START Given entries

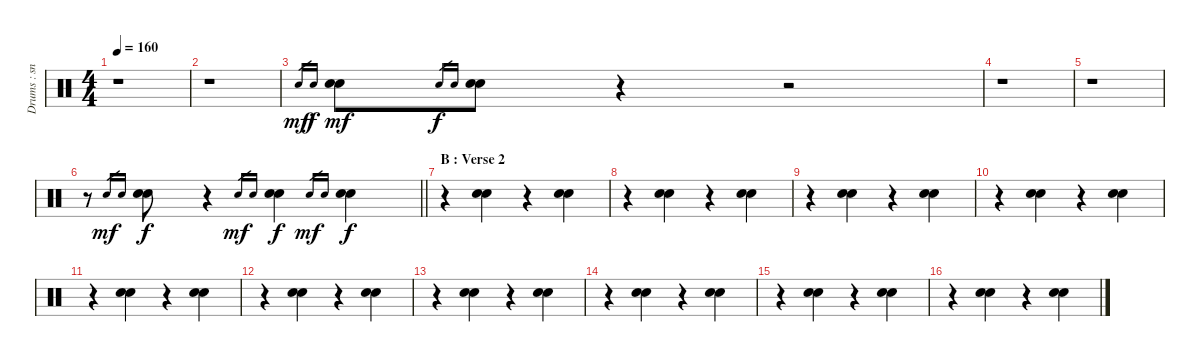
\track ("Drums : snare" "Drums : sn") {instrument percussion}
\staff {score}
\articulation defaults
\ts (4 4)
\tempo 160
\clef neutral
\ks c
r.1{dy mf} |
r.1 |
"Electric Snare (hit)".16{gr} "Snare (hit) 2".16{gr dy f} ("Electric Snare (hit)" "Snare (hit) 2").8{dy mf} "Electric Snare (hit)".16{gr dy f} "Snare (hit) 2".16{gr} ("Electric Snare (hit)" "Snare (hit) 2").8 r.4 r.2 |
r.1 |
r.1 |
\barLineRight lightlight
r.8 "Snare (hit) 2".16{gr dy mf} "Electric Snare (hit)".16{gr} ("Snare (hit) 2" "Electric Snare (hit)").8{dy f volume 13} r.4 "Snare (hit) 2".16{gr dy mf} "Electric Snare (hit)".16{gr} ("Snare (hit) 2" "Electric Snare (hit)").4{dy f} "Snare (hit) 2".16{gr dy mf} "Electric Snare (hit)".16{gr} ("Snare (hit) 2" "Electric Snare (hit)").4{dy f} |
\section ("" "B : Verse 2")
r.4 ("Snare (hit) 2" "Electric Snare (hit)").4 r.4 ("Snare (hit) 2" "Electric Snare (hit)").4 |
r.4 ("Snare (hit) 2" "Electric Snare (hit)").4 r.4 ("Snare (hit) 2" "Electric Snare (hit)").4 |
r.4 ("Snare (hit) 2" "Electric Snare (hit)").4 r.4 ("Snare (hit) 2" "Electric Snare (hit)").4 |
r.4 ("Snare (hit) 2" "Electric Snare (hit)").4 r.4 ("Snare (hit) 2" "Electric Snare (hit)").4 |
r.4 ("Snare (hit) 2" "Electric Snare (hit)").4 r.4 ("Snare (hit) 2" "Electric Snare (hit)").4 |
r.4 ("Snare (hit) 2" "Electric Snare (hit)").4 r.4 ("Snare (hit) 2" "Electric Snare (hit)").4 |
r.4 ("Snare (hit) 2" "Electric Snare (hit)").4 r.4 ("Snare (hit) 2" "Electric Snare (hit)").4 |
r.4 ("Snare (hit) 2" "Electric Snare (hit)").4 r.4 ("Snare (hit) 2" "Electric Snare (hit)").4 |
r.4 ("Snare (hit) 2" "Electric Snare (hit)").4 r.4 ("Snare (hit) 2" "Electric Snare (hit)").4 |
r.4 ("Snare (hit) 2" "Electric Snare (hit)").4 r.4 ("Snare (hit) 2" "Electric Snare (hit)").4
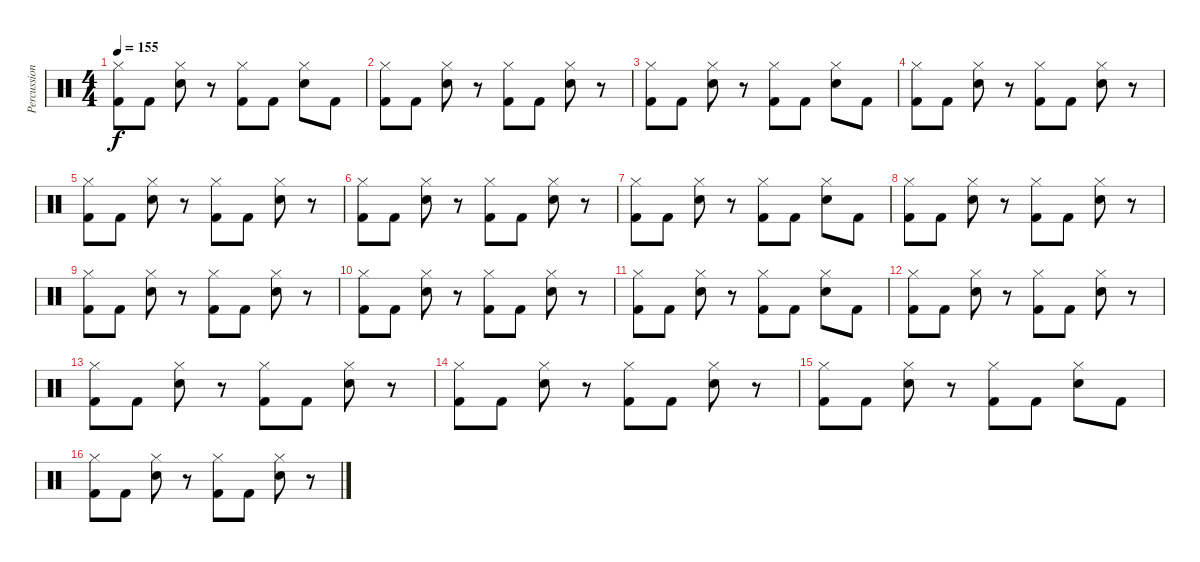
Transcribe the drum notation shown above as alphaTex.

\track ("Percussions" "Percussion") {mute instrument percussion}
\staff {score}
\articulation defaults
\ts (4 4)
\tempo 155
\clef neutral
\ks c
("Hi-Hat (closed)" "Kick (hit) 2").8{dy f} "Kick (hit) 2".8 ("Hi-Hat (closed)" "Electric Snare (hit)").8 r.8 ("Hi-Hat (closed)" "Kick (hit) 2").8 "Kick (hit) 2".8 ("Hi-Hat (closed)" "Electric Snare (hit)").8 "Kick (hit) 2".8 |
("Hi-Hat (closed)" "Kick (hit) 2").8 "Kick (hit) 2".8 ("Hi-Hat (closed)" "Electric Snare (hit)").8 r.8 ("Hi-Hat (closed)" "Kick (hit) 2").8 "Kick (hit) 2".8 ("Hi-Hat (closed)" "Electric Snare (hit)").8 r.8 |
("Hi-Hat (closed)" "Kick (hit) 2").8 "Kick (hit) 2".8 ("Hi-Hat (closed)" "Electric Snare (hit)").8 r.8 ("Hi-Hat (closed)" "Kick (hit) 2").8 "Kick (hit) 2".8 ("Hi-Hat (closed)" "Electric Snare (hit)").8 "Kick (hit) 2".8 |
("Hi-Hat (closed)" "Kick (hit) 2").8 "Kick (hit) 2".8 ("Hi-Hat (closed)" "Electric Snare (hit)").8 r.8 ("Hi-Hat (closed)" "Kick (hit) 2").8 "Kick (hit) 2".8 ("Hi-Hat (closed)" "Electric Snare (hit)").8 r.8 |
("Hi-Hat (closed)" "Kick (hit) 2").8 "Kick (hit) 2".8 ("Hi-Hat (closed)" "Electric Snare (hit)").8 r.8 ("Hi-Hat (closed)" "Kick (hit) 2").8 "Kick (hit) 2".8 ("Hi-Hat (closed)" "Electric Snare (hit)").8 r.8 |
("Hi-Hat (closed)" "Kick (hit) 2").8 "Kick (hit) 2".8 ("Hi-Hat (closed)" "Electric Snare (hit)").8 r.8 ("Hi-Hat (closed)" "Kick (hit) 2").8 "Kick (hit) 2".8 ("Hi-Hat (closed)" "Electric Snare (hit)").8 r.8 |
("Hi-Hat (closed)" "Kick (hit) 2").8 "Kick (hit) 2".8 ("Hi-Hat (closed)" "Electric Snare (hit)").8 r.8 ("Hi-Hat (closed)" "Kick (hit) 2").8 "Kick (hit) 2".8 ("Hi-Hat (closed)" "Electric Snare (hit)").8 "Kick (hit) 2".8 |
("Hi-Hat (closed)" "Kick (hit) 2").8 "Kick (hit) 2".8 ("Hi-Hat (closed)" "Electric Snare (hit)").8 r.8 ("Hi-Hat (closed)" "Kick (hit) 2").8 "Kick (hit) 2".8 ("Hi-Hat (closed)" "Electric Snare (hit)").8 r.8 |
("Hi-Hat (closed)" "Kick (hit) 2").8 "Kick (hit) 2".8 ("Hi-Hat (closed)" "Electric Snare (hit)").8 r.8 ("Hi-Hat (closed)" "Kick (hit) 2").8 "Kick (hit) 2".8 ("Hi-Hat (closed)" "Electric Snare (hit)").8 r.8 |
("Hi-Hat (closed)" "Kick (hit) 2").8 "Kick (hit) 2".8 ("Hi-Hat (closed)" "Electric Snare (hit)").8 r.8 ("Hi-Hat (closed)" "Kick (hit) 2").8 "Kick (hit) 2".8 ("Hi-Hat (closed)" "Electric Snare (hit)").8 r.8 |
("Hi-Hat (closed)" "Kick (hit) 2").8 "Kick (hit) 2".8 ("Hi-Hat (closed)" "Electric Snare (hit)").8 r.8 ("Hi-Hat (closed)" "Kick (hit) 2").8 "Kick (hit) 2".8 ("Hi-Hat (closed)" "Electric Snare (hit)").8 "Kick (hit) 2".8 |
("Hi-Hat (closed)" "Kick (hit) 2").8 "Kick (hit) 2".8 ("Hi-Hat (closed)" "Electric Snare (hit)").8 r.8 ("Hi-Hat (closed)" "Kick (hit) 2").8 "Kick (hit) 2".8 ("Hi-Hat (closed)" "Electric Snare (hit)").8 r.8 |
("Hi-Hat (closed)" "Kick (hit) 2").8 "Kick (hit) 2".8 ("Hi-Hat (closed)" "Electric Snare (hit)").8 r.8 ("Hi-Hat (closed)" "Kick (hit) 2").8 "Kick (hit) 2".8 ("Hi-Hat (closed)" "Electric Snare (hit)").8 r.8 |
("Hi-Hat (closed)" "Kick (hit) 2").8 "Kick (hit) 2".8 ("Hi-Hat (closed)" "Electric Snare (hit)").8 r.8 ("Hi-Hat (closed)" "Kick (hit) 2").8 "Kick (hit) 2".8 ("Hi-Hat (closed)" "Electric Snare (hit)").8 r.8 |
("Hi-Hat (closed)" "Kick (hit) 2").8 "Kick (hit) 2".8 ("Hi-Hat (closed)" "Electric Snare (hit)").8 r.8 ("Hi-Hat (closed)" "Kick (hit) 2").8 "Kick (hit) 2".8 ("Hi-Hat (closed)" "Electric Snare (hit)").8 "Kick (hit) 2".8 |
("Hi-Hat (closed)" "Kick (hit) 2").8 "Kick (hit) 2".8 ("Hi-Hat (closed)" "Electric Snare (hit)").8 r.8 ("Hi-Hat (closed)" "Kick (hit) 2").8 "Kick (hit) 2".8 ("Hi-Hat (closed)" "Electric Snare (hit)").8 r.8
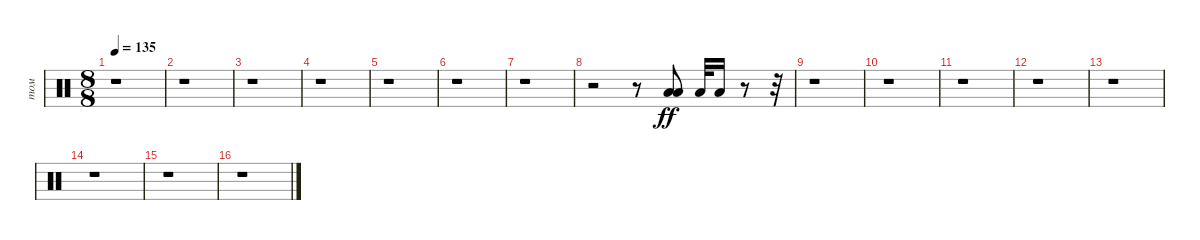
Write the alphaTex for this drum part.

\track ("том" "том") {instrument percussion}
\staff {score}
\articulation defaults
\ts (8 8)
\tempo 135
\clef neutral
\ks c
r.1{dy ff} |
r.1 |
r.1 |
r.1 |
r.1 |
r.1 |
r.1 |
r.2 r.8 ("Low Floor Tom (hit)" "Low Floor Tom (hit)").8 "Low Floor Tom (hit)".32 "Low Floor Tom (hit)".16 r.8 r.32 |
r.1 |
r.1 |
r.1 |
r.1 |
r.1 |
r.1 |
r.1 |
r.1
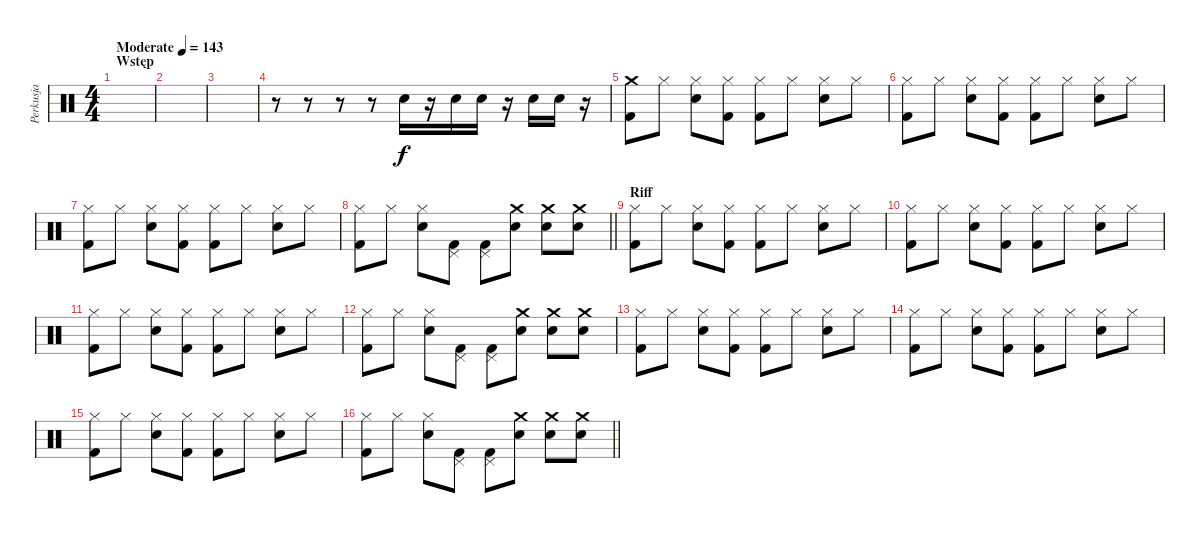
\track ("Perkusja" "Perkusja") {instrument percussion}
\staff {score}
\articulation defaults
\ts (4 4)
\section ("" "Wstęp")
\tempo (143 "Moderate")
\clef neutral
\ks c
|
|
|
r.8 r.8 r.8 r.8 "Snare (hit) 2".16 r.16 "Snare (hit) 2".16 "Snare (hit) 2".16 r.16 "Snare (hit) 2".16 "Snare (hit) 2".16 r.16 |
("Crash medium (hit)" "Kick (hit) 2").8 "Hi-Hat (closed)".8 ("Hi-Hat (closed)" "Electric Snare (hit)").8 ("Hi-Hat (closed)" "Kick (hit) 2").8 ("Hi-Hat (closed)" "Kick (hit) 2").8 "Hi-Hat (closed)".8 ("Hi-Hat (closed)" "Electric Snare (hit)").8 "Hi-Hat (closed)".8 |
("Hi-Hat (closed)" "Kick (hit) 2").8 "Hi-Hat (closed)".8 ("Hi-Hat (closed)" "Electric Snare (hit)").8 ("Hi-Hat (closed)" "Kick (hit) 2").8 ("Hi-Hat (closed)" "Kick (hit) 2").8 "Hi-Hat (closed)".8 ("Hi-Hat (closed)" "Electric Snare (hit)").8 "Hi-Hat (closed)".8 |
("Hi-Hat (closed)" "Kick (hit) 2").8 "Hi-Hat (closed)".8 ("Hi-Hat (closed)" "Electric Snare (hit)").8 ("Hi-Hat (closed)" "Kick (hit) 2").8 ("Hi-Hat (closed)" "Kick (hit) 2").8 "Hi-Hat (closed)".8 ("Hi-Hat (closed)" "Electric Snare (hit)").8 "Hi-Hat (closed)".8 |
\barLineRight lightlight
("Hi-Hat (closed)" "Kick (hit) 2").8 "Hi-Hat (closed)".8 ("Hi-Hat (closed)" "Electric Snare (hit)").8 ("Pedal Hi-Hat (hit)" "Kick (hit) 2").8 ("Pedal Hi-Hat (hit)" "Kick (hit) 2").8 ("Crash medium (hit)" "Snare (hit) 2").8 ("Crash medium (hit)" "Snare (hit) 2").8 ("Crash medium (hit)" "Snare (hit) 2").8 |
\section ("" "Riff")
("Hi-Hat (closed)" "Kick (hit) 2").8 "Hi-Hat (closed)".8 ("Hi-Hat (closed)" "Electric Snare (hit)").8 ("Hi-Hat (closed)" "Kick (hit) 2").8 ("Hi-Hat (closed)" "Kick (hit) 2").8 "Hi-Hat (closed)".8 ("Hi-Hat (closed)" "Electric Snare (hit)").8 "Hi-Hat (closed)".8 |
("Hi-Hat (closed)" "Kick (hit) 2").8 "Hi-Hat (closed)".8 ("Hi-Hat (closed)" "Electric Snare (hit)").8 ("Hi-Hat (closed)" "Kick (hit) 2").8 ("Hi-Hat (closed)" "Kick (hit) 2").8 "Hi-Hat (closed)".8 ("Hi-Hat (closed)" "Electric Snare (hit)").8 "Hi-Hat (closed)".8 |
("Hi-Hat (closed)" "Kick (hit) 2").8 "Hi-Hat (closed)".8 ("Hi-Hat (closed)" "Electric Snare (hit)").8 ("Hi-Hat (closed)" "Kick (hit) 2").8 ("Hi-Hat (closed)" "Kick (hit) 2").8 "Hi-Hat (closed)".8 ("Hi-Hat (closed)" "Electric Snare (hit)").8 "Hi-Hat (closed)".8 |
("Hi-Hat (closed)" "Kick (hit) 2").8 "Hi-Hat (closed)".8 ("Hi-Hat (closed)" "Electric Snare (hit)").8 ("Pedal Hi-Hat (hit)" "Kick (hit) 2").8 ("Pedal Hi-Hat (hit)" "Kick (hit) 2").8 ("Crash medium (hit)" "Snare (hit) 2").8 ("Crash medium (hit)" "Snare (hit) 2").8 ("Crash medium (hit)" "Snare (hit) 2").8 |
("Hi-Hat (closed)" "Kick (hit) 2").8 "Hi-Hat (closed)".8 ("Hi-Hat (closed)" "Electric Snare (hit)").8 ("Hi-Hat (closed)" "Kick (hit) 2").8 ("Hi-Hat (closed)" "Kick (hit) 2").8 "Hi-Hat (closed)".8 ("Hi-Hat (closed)" "Electric Snare (hit)").8 "Hi-Hat (closed)".8 |
("Hi-Hat (closed)" "Kick (hit) 2").8 "Hi-Hat (closed)".8 ("Hi-Hat (closed)" "Electric Snare (hit)").8 ("Hi-Hat (closed)" "Kick (hit) 2").8 ("Hi-Hat (closed)" "Kick (hit) 2").8 "Hi-Hat (closed)".8 ("Hi-Hat (closed)" "Electric Snare (hit)").8 "Hi-Hat (closed)".8 |
("Hi-Hat (closed)" "Kick (hit) 2").8 "Hi-Hat (closed)".8 ("Hi-Hat (closed)" "Electric Snare (hit)").8 ("Hi-Hat (closed)" "Kick (hit) 2").8 ("Hi-Hat (closed)" "Kick (hit) 2").8 "Hi-Hat (closed)".8 ("Hi-Hat (closed)" "Electric Snare (hit)").8 "Hi-Hat (closed)".8 |
\barLineRight lightlight
("Hi-Hat (closed)" "Kick (hit) 2").8 "Hi-Hat (closed)".8 ("Hi-Hat (closed)" "Electric Snare (hit)").8 ("Pedal Hi-Hat (hit)" "Kick (hit) 2").8 ("Pedal Hi-Hat (hit)" "Kick (hit) 2").8 ("Crash medium (hit)" "Snare (hit) 2").8 ("Crash medium (hit)" "Snare (hit) 2").8 ("Crash medium (hit)" "Snare (hit) 2").8
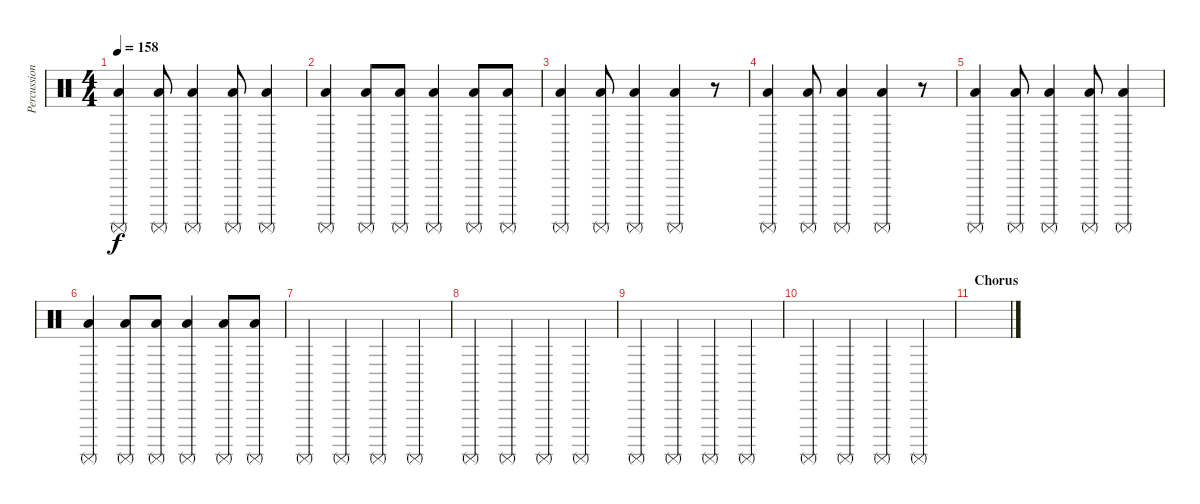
\track ("Percussion" "Percussion") {instrument percussion}
\staff {score}
\articulation defaults
\ts (4 4)
\tempo 158
\clef neutral
\ks c
("Low Floor Tom (hit)" "Surdo (mute)").4{dy f} ("Low Floor Tom (hit)" "Surdo (mute)").8 ("Low Floor Tom (hit)" "Surdo (mute)").4 ("Low Floor Tom (hit)" "Surdo (mute)").8 ("Low Floor Tom (hit)" "Surdo (mute)").4 |
("Low Floor Tom (hit)" "Surdo (mute)").4 ("Low Floor Tom (hit)" "Surdo (mute)").8 ("Low Floor Tom (hit)" "Surdo (mute)").8 ("Low Floor Tom (hit)" "Surdo (mute)").4 ("Low Floor Tom (hit)" "Surdo (mute)").8 ("Low Floor Tom (hit)" "Surdo (mute)").8 |
("Low Floor Tom (hit)" "Surdo (mute)").4 ("Low Floor Tom (hit)" "Surdo (mute)").8 ("Low Floor Tom (hit)" "Surdo (mute)").4 ("Low Floor Tom (hit)" "Surdo (mute)").4 r.8 |
("Low Floor Tom (hit)" "Surdo (mute)").4 ("Low Floor Tom (hit)" "Surdo (mute)").8 ("Low Floor Tom (hit)" "Surdo (mute)").4 ("Low Floor Tom (hit)" "Surdo (mute)").4 r.8 |
("Low Floor Tom (hit)" "Surdo (mute)").4 ("Low Floor Tom (hit)" "Surdo (mute)").8 ("Low Floor Tom (hit)" "Surdo (mute)").4 ("Low Floor Tom (hit)" "Surdo (mute)").8 ("Low Floor Tom (hit)" "Surdo (mute)").4 |
("Low Floor Tom (hit)" "Surdo (mute)").4 ("Low Floor Tom (hit)" "Surdo (mute)").8 ("Low Floor Tom (hit)" "Surdo (mute)").8 ("Low Floor Tom (hit)" "Surdo (mute)").4 ("Low Floor Tom (hit)" "Surdo (mute)").8 ("Low Floor Tom (hit)" "Surdo (mute)").8 |
"Surdo (mute)".4 "Surdo (mute)".4 "Surdo (mute)".4 "Surdo (mute)".4 |
"Surdo (mute)".4 "Surdo (mute)".4 "Surdo (mute)".4 "Surdo (mute)".4 |
"Surdo (mute)".4 "Surdo (mute)".4 "Surdo (mute)".4 "Surdo (mute)".4 |
"Surdo (mute)".4 "Surdo (mute)".4 "Surdo (mute)".4 "Surdo (mute)".4 |
\section ("" "Chorus")

END Given entries

Count the lines in the listing that hold the word "section", then give the number and nothing else.

▶ [Response to the task]:
4